Menuju Good Corporate Governance (I)
Kolom

Menuju Good Corporate Governance (I)

Dewasa ini, banyak kalangan yang berbicara tentang perlunya kita menumbuhkan apa yang disebut good governance. Pendapat ini menarik, walaupun ihwal good governance ini bukanlah ihwal baru. Dalam sepuluh tahun terakhir ini, para ilmuwan, pengusaha, dan masyarakat sipil (civil society) telah membahas ihwal good governance ini dalam banyak kesempatan.

Bacaan 2 Menit

Perseroan di Indonesia, seperti juga di Belanda dan Jerman, memiliki dua badan (the dual board structure), yaitu direksi dan komisaris. Struktur ini berbeda dengan struktur perseroan di negara-negara Anglo Saxon yang pada umumnya hanya mengenal satu struktur yaitu Direksi.  Tentu selain kedua badan tersebut ada  pemegang saham yang mempunyai kekuasaan tertinggi dan dapat mengambil keputusan melalui Rapat Umum Pemegang Saham (RUPS) dan atau Rapat Umum Luar Biasa Pemegang Saham (RULBPS).

Khusus terhadap pemegang saham minoritas, tersedia pula mekanisme untuk membela haknya dari dominasi pemegang saham mayoritas yang pada zaman dulu praktis tidak mendapat perlindungan sama sekali, sehingga selalu disebut sebagai pelengkap penderita yang nasibnya bergantung kepada kebaikan hati pemegang saham mayoritas.
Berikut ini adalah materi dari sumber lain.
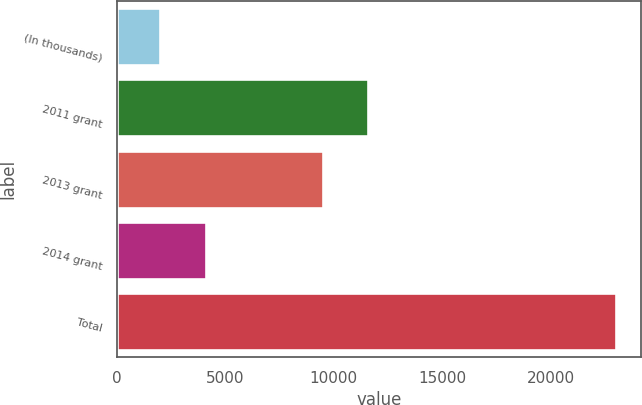<chart> <loc_0><loc_0><loc_500><loc_500><bar_chart><fcel>(In thousands)<fcel>2011 grant<fcel>2013 grant<fcel>2014 grant<fcel>Total<nl><fcel>2014<fcel>11592.7<fcel>9493<fcel>4113.7<fcel>23011<nl></chart> 
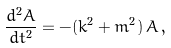Convert formula to latex. <formula><loc_0><loc_0><loc_500><loc_500>\frac { d ^ { 2 } A } { d t ^ { 2 } } = - ( k ^ { 2 } + m ^ { 2 } ) \, A \, ,</formula> 
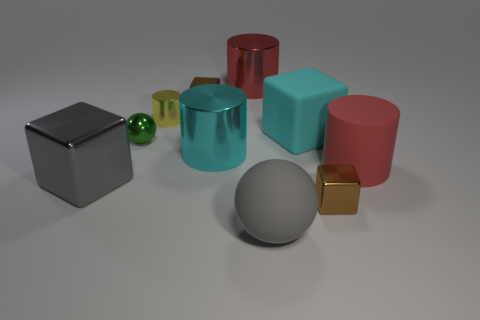What number of things are large yellow shiny cubes or big objects left of the large sphere?
Make the answer very short. 3. There is a small metal object in front of the big gray shiny thing in front of the red shiny object; what color is it?
Your response must be concise. Brown. What number of other things are the same material as the tiny green ball?
Ensure brevity in your answer.  6. What number of rubber things are either cyan cylinders or brown cylinders?
Provide a succinct answer. 0. What color is the other big metallic object that is the same shape as the red shiny thing?
Your response must be concise. Cyan. How many objects are big balls or red metallic things?
Make the answer very short. 2. There is a red object that is the same material as the large gray ball; what shape is it?
Provide a succinct answer. Cylinder. How many large things are either cyan metal cylinders or purple metal cylinders?
Your answer should be compact. 1. How many other objects are there of the same color as the big ball?
Offer a terse response. 1. There is a rubber object that is in front of the tiny brown metallic thing in front of the tiny cylinder; what number of large gray shiny cubes are in front of it?
Provide a short and direct response. 0. 
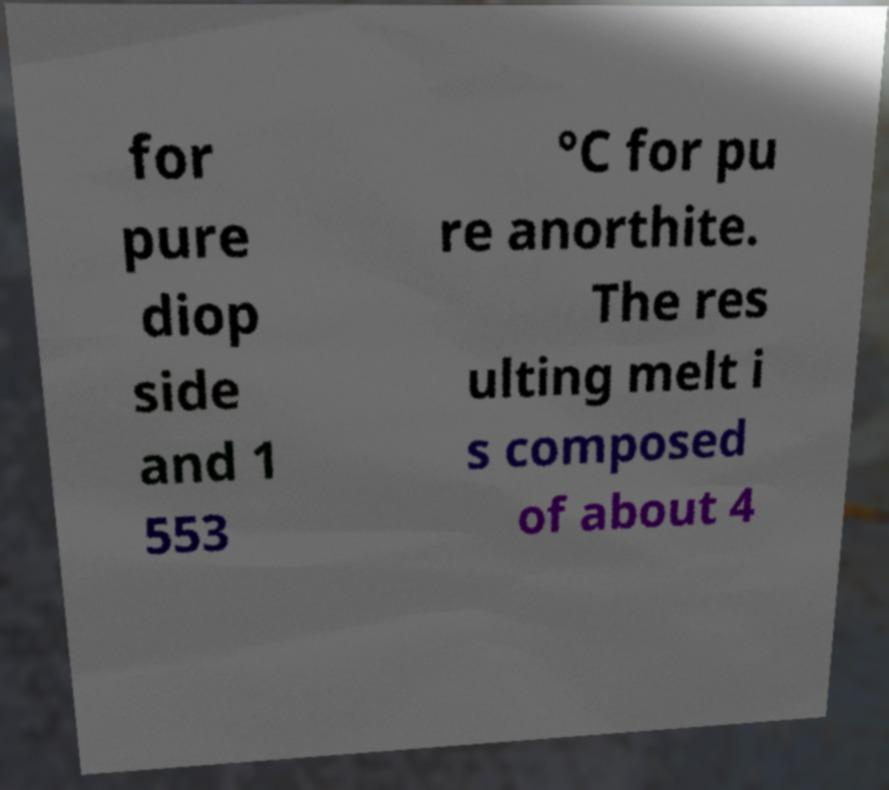Please read and relay the text visible in this image. What does it say? for pure diop side and 1 553 °C for pu re anorthite. The res ulting melt i s composed of about 4

Kewajiban direksi dan komisaris

Kepengurusan pada perseroan dijalankan oleh direksi (pasal 79-93 UU No 1/1995) yang pada umumnya berupa kekuasaan untuk mengelola perseroan dengan itikad baik dan bertanggung jawab untuk mencapai tujuan perseroan. Rincian dari lingkup kerja dan tanggung jawab direksi ini diatur secara lebih spesifik di dalam akta perseroan, sehingga praktis sebetulnya direksi tidak dapat menyimpang dari semua prinsip-prinsip hukum yang mendasari terjadinya good corporate governance.

Direksi harus mencatat dan melaporkan semua kerjanya kepada pemegang saham, harus mengaudit pembukuan perseroan, harus mendapat persetujuan dari Komisaris dan atau pemegang saham untuk tindakan-tindakan hukum tertentu (meminjam uang, menjaminkan harta kekayan perseroan serta melakukan akuisisi, konsolidasi, dan merger).

Direksi juga wajib mencatat kepemilikan saham dari semua anggota direksi, komisaris maupun anggota keluarganya pada perseroan maupun perseroan lainnya satu dan lain hal untuk mencegah terjadinya benturan kepentingan di kemudian hari. Secara sederhana, kita melihat bahwa prinsip transparansi dan akuntabilitas sudah dianut, sehingga good corporate governance seharusnya bisa dijalankan.

Komisaris bertugas mengawasi pekerjaan direksi, memberi nasehat kepada direksi, dan bilamana perlu memberhentikan sementara direksi yang dianggap menyimpang dari tujuan perseroan (pasal 94-101 UU No 1/1995). Rincian lebih lengkap mengenai lingkup hak dan kewenangan Komisaris diatur dalam akta perseroan, sehingga kita melihat bahwa  pengawasan terhadap direksi itu sesungguhnya dapat dilakukan. Namun, selama ini yang namanya Komisaris itu kebanyakan hanya hadir pada RUPS dan RULBPS.

Komisaris itu banyak yang tidak menjalankan fungsinya karena tampaknya komisaris itu sekadar merupakan jabatan kehormatan yang diberi kartu nama, gaji, dan fasilitas lainnya. Praktik perseroan telah mengkooptasi jabatan komisaris. Tidak heran jika dalam banyak perseroan besar kita melihat jabatan komisaris itu dipegang oleh mantan pejabat tinggi negara, sipil maupun militer, sehingga muncul kesan tambahan bahwa komisaris itu telah pula berperan sebagai corporate security.